Records from a dataset:
******

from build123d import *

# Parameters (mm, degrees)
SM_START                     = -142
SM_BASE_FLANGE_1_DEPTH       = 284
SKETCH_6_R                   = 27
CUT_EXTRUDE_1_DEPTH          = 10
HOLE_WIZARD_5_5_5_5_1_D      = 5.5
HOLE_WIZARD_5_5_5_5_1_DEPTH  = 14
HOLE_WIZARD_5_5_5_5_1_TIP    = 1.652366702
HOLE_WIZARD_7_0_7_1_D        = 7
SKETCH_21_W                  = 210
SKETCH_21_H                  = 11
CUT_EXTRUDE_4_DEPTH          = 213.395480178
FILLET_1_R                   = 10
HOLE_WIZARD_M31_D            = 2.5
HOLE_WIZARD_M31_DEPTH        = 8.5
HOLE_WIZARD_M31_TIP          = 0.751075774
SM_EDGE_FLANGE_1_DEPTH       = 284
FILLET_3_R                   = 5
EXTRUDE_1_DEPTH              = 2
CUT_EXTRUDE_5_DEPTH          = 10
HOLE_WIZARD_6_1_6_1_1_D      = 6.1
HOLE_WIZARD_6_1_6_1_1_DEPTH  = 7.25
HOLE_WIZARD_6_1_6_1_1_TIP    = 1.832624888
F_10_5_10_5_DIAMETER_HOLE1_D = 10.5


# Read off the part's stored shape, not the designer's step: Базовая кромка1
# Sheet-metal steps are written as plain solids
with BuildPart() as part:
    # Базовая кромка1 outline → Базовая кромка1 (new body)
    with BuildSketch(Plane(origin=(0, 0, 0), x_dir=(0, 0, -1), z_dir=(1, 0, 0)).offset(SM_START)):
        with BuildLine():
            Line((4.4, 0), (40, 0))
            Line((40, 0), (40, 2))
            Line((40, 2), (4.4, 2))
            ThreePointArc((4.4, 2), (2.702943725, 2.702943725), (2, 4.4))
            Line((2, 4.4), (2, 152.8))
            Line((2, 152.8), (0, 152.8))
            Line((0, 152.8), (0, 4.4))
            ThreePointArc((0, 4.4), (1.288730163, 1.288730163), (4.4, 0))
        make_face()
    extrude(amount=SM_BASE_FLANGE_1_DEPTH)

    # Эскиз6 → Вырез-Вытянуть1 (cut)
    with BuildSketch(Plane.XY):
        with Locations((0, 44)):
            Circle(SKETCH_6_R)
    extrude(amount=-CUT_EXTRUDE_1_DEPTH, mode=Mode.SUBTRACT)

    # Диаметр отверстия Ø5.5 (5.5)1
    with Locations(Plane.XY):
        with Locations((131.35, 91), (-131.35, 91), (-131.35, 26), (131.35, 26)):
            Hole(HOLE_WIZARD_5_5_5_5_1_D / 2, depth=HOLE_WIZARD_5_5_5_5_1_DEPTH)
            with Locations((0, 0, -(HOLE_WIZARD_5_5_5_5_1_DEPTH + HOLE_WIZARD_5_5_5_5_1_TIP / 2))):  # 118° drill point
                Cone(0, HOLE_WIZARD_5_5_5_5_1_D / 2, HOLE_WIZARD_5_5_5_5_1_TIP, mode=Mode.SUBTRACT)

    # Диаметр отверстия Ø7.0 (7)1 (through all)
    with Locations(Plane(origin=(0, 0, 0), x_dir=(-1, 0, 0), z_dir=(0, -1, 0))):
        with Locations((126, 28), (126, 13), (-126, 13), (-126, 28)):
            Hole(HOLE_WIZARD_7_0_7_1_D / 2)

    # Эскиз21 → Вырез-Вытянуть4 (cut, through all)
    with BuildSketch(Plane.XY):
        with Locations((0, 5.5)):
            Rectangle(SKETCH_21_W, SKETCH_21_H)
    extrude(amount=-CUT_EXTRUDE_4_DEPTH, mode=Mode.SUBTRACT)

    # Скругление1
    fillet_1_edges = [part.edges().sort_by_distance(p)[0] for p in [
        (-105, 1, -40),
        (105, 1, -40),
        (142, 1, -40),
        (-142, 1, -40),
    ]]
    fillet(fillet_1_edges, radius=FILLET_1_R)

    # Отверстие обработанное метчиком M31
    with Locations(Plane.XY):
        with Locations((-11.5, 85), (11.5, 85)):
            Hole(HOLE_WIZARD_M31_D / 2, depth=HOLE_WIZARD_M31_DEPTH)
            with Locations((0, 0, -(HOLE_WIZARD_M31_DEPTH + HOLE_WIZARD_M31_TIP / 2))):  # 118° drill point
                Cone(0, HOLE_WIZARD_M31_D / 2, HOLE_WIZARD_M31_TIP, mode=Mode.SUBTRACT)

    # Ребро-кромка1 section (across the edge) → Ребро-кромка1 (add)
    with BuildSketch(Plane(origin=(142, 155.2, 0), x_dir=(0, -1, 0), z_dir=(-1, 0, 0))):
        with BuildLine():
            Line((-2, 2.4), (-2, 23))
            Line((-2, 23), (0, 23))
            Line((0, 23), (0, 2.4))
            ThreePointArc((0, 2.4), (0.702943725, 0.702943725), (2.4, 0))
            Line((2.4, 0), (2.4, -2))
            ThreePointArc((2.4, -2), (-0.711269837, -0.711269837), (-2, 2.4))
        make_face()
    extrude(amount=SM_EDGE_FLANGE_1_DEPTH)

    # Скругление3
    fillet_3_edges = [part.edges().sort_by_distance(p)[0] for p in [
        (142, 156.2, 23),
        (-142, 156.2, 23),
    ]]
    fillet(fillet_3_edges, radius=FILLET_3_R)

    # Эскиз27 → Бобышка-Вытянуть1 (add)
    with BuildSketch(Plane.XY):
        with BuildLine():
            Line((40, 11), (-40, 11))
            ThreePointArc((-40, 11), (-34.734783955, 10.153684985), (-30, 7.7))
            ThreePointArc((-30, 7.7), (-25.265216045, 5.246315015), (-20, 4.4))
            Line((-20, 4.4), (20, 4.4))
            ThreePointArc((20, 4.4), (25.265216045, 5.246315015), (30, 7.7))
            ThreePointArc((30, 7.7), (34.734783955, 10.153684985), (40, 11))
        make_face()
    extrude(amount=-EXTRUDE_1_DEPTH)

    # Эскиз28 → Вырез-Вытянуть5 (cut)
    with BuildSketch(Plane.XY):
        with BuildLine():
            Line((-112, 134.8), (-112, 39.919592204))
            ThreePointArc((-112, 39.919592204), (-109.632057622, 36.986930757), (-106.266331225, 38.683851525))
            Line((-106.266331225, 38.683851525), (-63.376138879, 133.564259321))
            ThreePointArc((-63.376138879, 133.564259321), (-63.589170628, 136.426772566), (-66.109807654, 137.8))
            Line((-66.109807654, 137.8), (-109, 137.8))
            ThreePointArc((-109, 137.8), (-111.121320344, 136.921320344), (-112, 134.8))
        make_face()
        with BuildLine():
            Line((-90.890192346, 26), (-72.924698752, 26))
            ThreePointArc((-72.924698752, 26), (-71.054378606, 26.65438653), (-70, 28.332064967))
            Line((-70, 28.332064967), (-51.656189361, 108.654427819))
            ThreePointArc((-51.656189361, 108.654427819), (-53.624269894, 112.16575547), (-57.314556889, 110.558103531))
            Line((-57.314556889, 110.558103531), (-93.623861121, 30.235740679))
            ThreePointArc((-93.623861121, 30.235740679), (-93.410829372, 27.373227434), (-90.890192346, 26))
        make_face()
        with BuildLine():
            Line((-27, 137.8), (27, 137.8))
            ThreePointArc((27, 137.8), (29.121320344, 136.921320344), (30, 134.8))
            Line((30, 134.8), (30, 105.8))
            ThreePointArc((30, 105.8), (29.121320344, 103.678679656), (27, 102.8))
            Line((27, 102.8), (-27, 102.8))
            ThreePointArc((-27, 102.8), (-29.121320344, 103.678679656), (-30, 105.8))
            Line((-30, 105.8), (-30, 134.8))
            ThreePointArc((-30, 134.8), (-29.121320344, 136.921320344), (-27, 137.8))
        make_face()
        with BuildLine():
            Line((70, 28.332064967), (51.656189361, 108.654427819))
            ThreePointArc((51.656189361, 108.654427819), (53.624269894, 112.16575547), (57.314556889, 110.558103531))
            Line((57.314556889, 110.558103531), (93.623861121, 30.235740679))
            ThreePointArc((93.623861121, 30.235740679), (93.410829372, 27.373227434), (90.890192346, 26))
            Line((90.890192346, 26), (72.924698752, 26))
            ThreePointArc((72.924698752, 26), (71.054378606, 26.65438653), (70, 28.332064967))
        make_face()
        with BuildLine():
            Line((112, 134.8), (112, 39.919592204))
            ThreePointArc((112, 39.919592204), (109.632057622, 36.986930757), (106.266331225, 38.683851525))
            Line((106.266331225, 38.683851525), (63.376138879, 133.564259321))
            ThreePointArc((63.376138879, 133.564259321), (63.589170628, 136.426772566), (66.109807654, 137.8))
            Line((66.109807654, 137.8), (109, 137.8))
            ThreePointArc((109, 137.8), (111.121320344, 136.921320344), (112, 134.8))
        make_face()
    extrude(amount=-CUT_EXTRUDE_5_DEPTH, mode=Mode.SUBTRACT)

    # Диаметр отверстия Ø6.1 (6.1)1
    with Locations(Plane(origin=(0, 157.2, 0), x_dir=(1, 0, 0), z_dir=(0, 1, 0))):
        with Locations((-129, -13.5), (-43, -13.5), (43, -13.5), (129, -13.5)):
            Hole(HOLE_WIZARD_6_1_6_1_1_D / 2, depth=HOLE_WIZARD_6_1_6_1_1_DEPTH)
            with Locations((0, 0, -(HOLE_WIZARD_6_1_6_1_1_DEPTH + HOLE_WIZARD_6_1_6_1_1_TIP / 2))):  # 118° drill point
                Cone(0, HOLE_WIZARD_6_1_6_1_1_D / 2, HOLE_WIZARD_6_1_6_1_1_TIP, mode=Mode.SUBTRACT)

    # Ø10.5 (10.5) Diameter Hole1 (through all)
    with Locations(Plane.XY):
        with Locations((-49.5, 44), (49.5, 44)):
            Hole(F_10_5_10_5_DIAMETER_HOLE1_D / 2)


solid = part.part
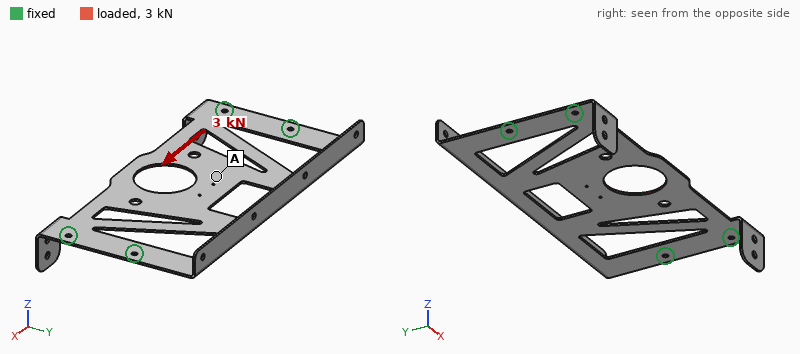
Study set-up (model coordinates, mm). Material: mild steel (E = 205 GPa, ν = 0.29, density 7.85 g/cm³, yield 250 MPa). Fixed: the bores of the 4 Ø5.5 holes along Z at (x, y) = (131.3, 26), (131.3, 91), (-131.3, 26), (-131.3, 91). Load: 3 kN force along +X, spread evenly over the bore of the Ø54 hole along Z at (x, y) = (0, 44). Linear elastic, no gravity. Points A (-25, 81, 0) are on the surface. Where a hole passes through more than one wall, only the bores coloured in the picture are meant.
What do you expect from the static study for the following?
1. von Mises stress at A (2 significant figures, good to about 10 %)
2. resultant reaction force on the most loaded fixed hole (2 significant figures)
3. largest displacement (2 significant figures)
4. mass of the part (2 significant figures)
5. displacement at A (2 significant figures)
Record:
8.9 MPa
1.3 kN
30 µm
600 g
29 µm
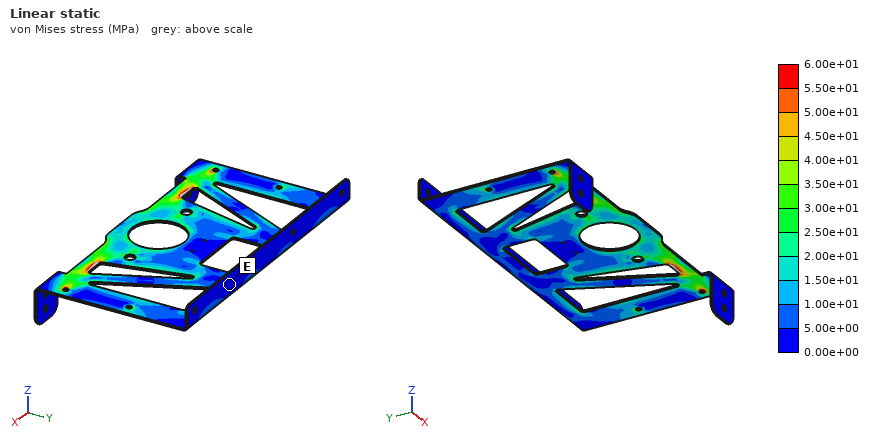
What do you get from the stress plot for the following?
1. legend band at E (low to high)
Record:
0.00e+00 to 5.00e+00 MPa
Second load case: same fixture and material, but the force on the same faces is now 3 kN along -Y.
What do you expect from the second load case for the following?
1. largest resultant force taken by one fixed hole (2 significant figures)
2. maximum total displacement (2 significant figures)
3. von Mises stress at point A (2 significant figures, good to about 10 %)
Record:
980 N
81 µm
17 MPa
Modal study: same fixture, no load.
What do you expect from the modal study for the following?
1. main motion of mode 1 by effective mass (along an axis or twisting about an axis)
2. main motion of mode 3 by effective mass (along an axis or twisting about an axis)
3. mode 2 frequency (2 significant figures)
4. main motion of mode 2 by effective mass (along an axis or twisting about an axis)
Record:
along Z
twisting about Y
160 Hz
along Z

******

**The task**
Starting at the line that holds "2. main motion", set down each line exactly through the last line of the records above, and no others.

**Exercise result**
2. main motion of mode 3 by effective mass (along an axis or twisting about an axis)
3. mode 2 frequency (2 significant figures)
4. main motion of mode 2 by effective mass (along an axis or twisting about an axis)
Record:
along Z
twisting about Y
160 Hz
along Z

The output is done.